Também podem e devem ser consideradas no auto de demarcação áreas de domínio público. Tal anotação não franqueia a conquista de imóvel público, posto existir impedimento constitucional para tanto, mas apenas a possibilidade da indicação das vias, praças e demais espaços públicos existentes. Antes ou após elaboração do auto de demarcação, a regularização depende do projeto especifico de que trata o art. 51 da lei. Este projeto deve ser submetido à Prefeitura, mesmo quando esta for a deflagradora da regularização. O projeto também deverá ser submetido aos órgãos licenciadores, mormente os que detenham competência ambiental ou de preservação da cultura arquitetônica. O projeto deverá descrever e mapear a área em consideração, indicando os lotes ou fracionamentos, assim como as obras que devem ser realizadas e aquelas que devem ser desfeitas ou deslocadas. Tanto para a composição do auto de demarcação como para a confecção do projeto é de grande ajuda a utilização de plantas aéreas, pois estas podem trazer grande facilidade, conferindo um maior aporte de credibilidade. Importante é ressaltar que a elaboração do projeto representa item fundamental da regularização, pois será neste momento que se poderá efetivar o controle e análise do interesse coletivo que representa a própria função social da propriedade. O projeto somente deve ser aprovado quando a ocupação vier a respeitar tais interesse majoritário pois estes, por óbvio, correspondem ao interesse da cidade.

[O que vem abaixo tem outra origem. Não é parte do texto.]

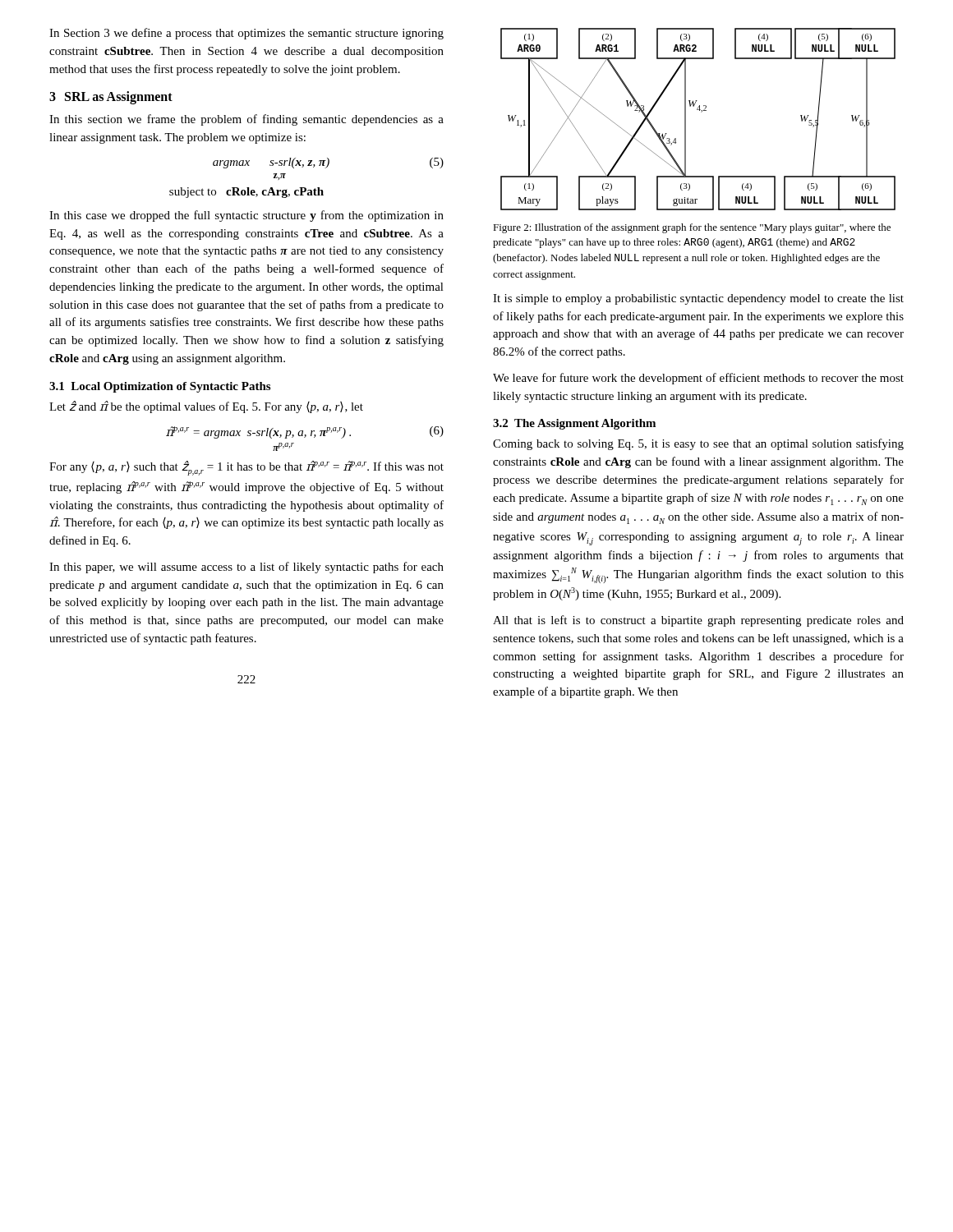This screenshot has width=953, height=1232.
Task: Find the text block containing "In this case we dropped the full syntactic"
Action: pos(246,287)
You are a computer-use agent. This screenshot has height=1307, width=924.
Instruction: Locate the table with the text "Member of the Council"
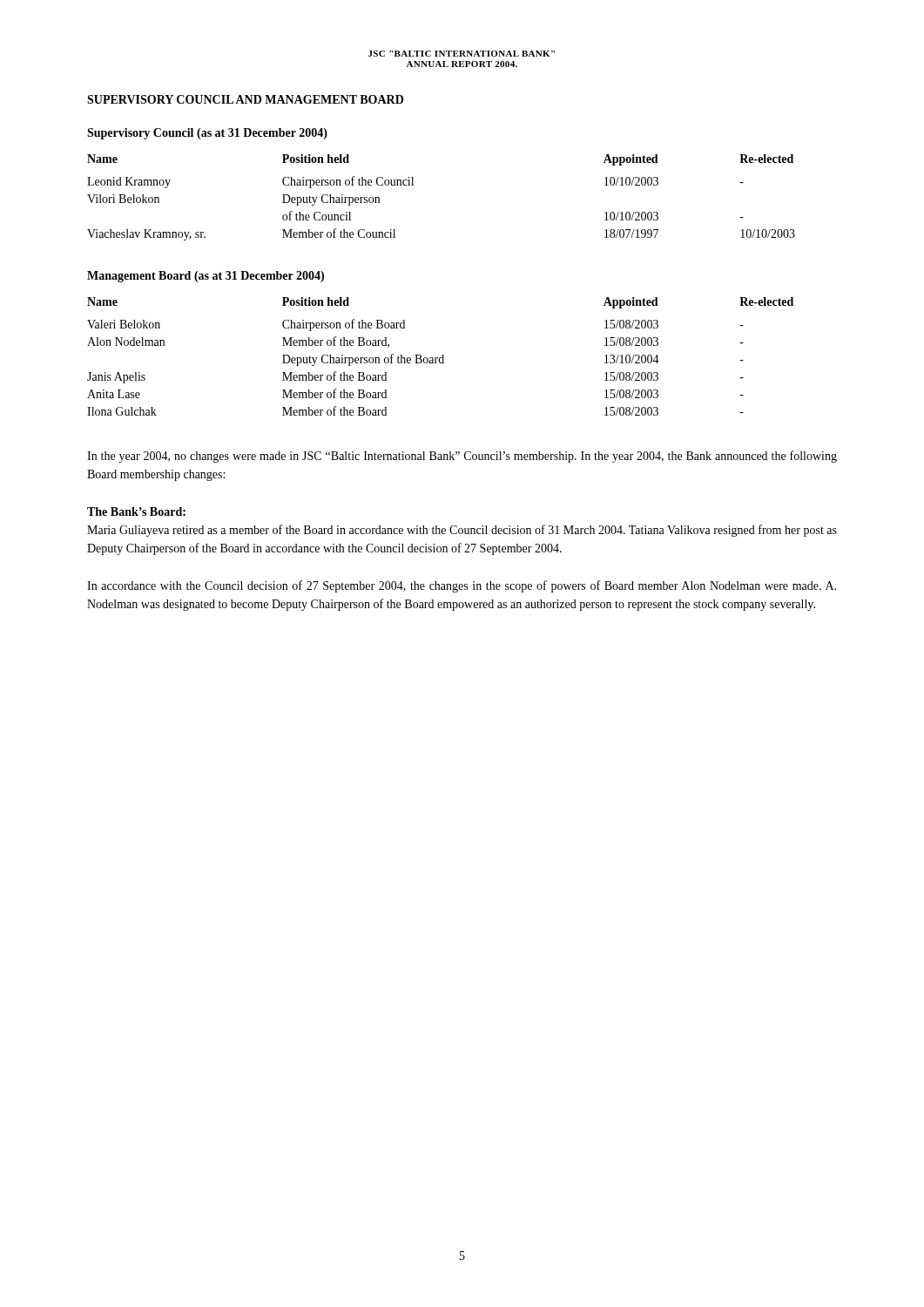462,198
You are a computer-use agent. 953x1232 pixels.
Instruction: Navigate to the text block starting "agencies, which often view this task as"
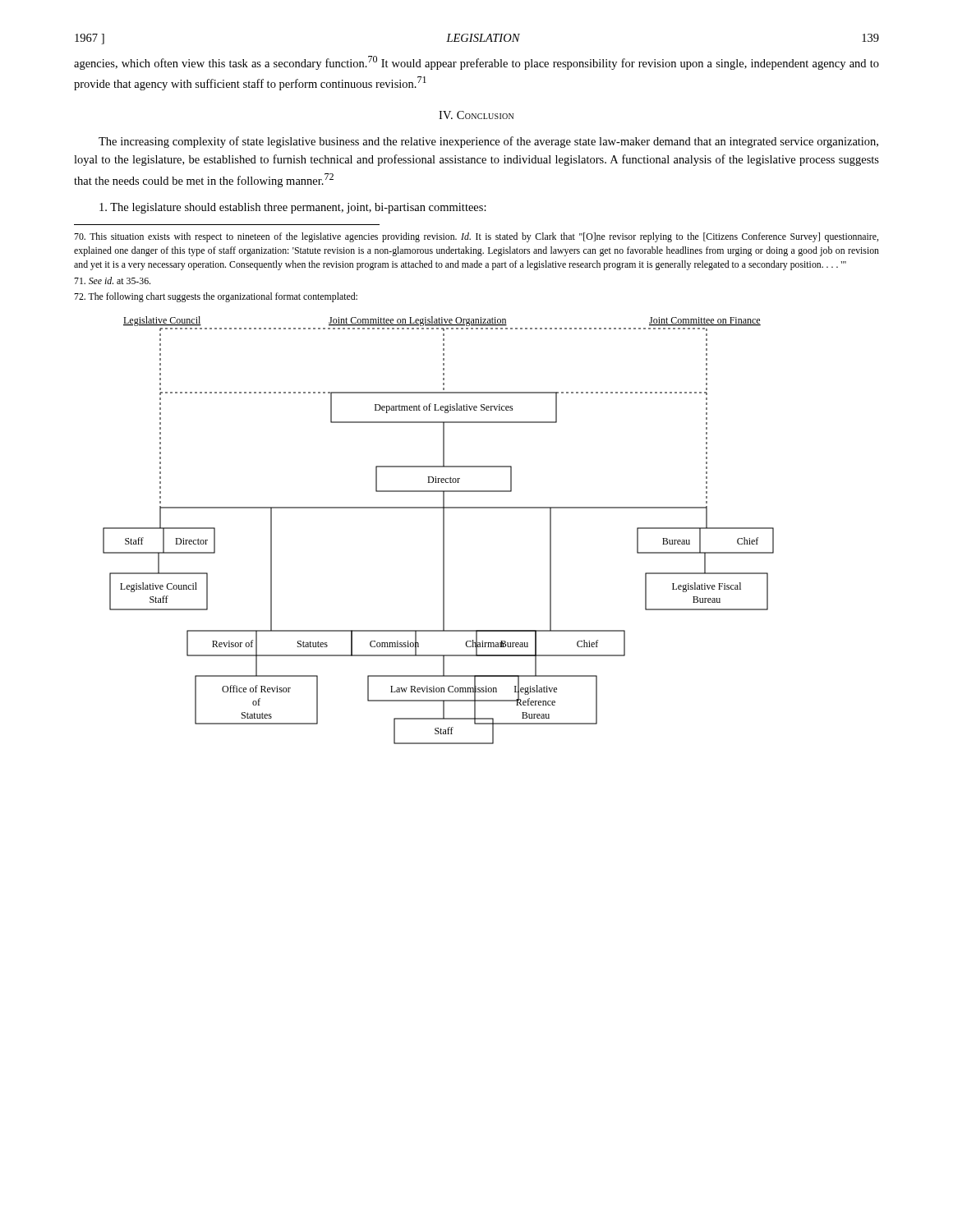476,72

Os poucos ocupantes que eventualmente perturbem, dificultem ou estorvem a melhor organização do núcleo urbano, atuando em desfavor da mobilidade; da implantação e edificação dos equipamentos públicos essenciais, ou que prejudiquem a conquista de melhor qualidade de vida no local, devem ser desalojados ou realocados, com a desapropriação da respetiva área. De nada adianta a regularização fundiária que não atenda aos interesses da cidade, pois um núcleo regularizado que impeça a fluidez dos transportes, dificulte a mobilidade das famílias ocupantes, ou que venha despido de serviço público locais ou próximos, somente pode agravar as questões sociais e reduzir a qualidade de vida coletiva. Fundamental, portanto, o instante, o momento da produção do projeto, pois este deve indicar as vias, as praças, os espaços institucionais para os equipamentos públicos, áreas de lazer, estejam no local ou próximas a este, ou seja todo o necessário para que a área regularizada comporte a sobrecarga decorrente do adensamento populacional. O projeto pressupõe uma série de compromissos públicos com a construção da estrutura capaz de dar ao local o mesmo DNA da cidade. Portanto, o corte na carne deve ser feito neste momento, pois deve estar previsto no projeto ou nas exigências para sua aprovação. Regularizar uma área não se restringe ao asfaltamento e à ligação elétrica e hidráulica. A qualidade de vida mínima, de dignificação da pessoa humana se expressa não só pelo que é concedido em termos de regularização e titulação, mas também pelo que é sacrificado, para que o coletivo e a cidade ganhem com a legalização fundiária.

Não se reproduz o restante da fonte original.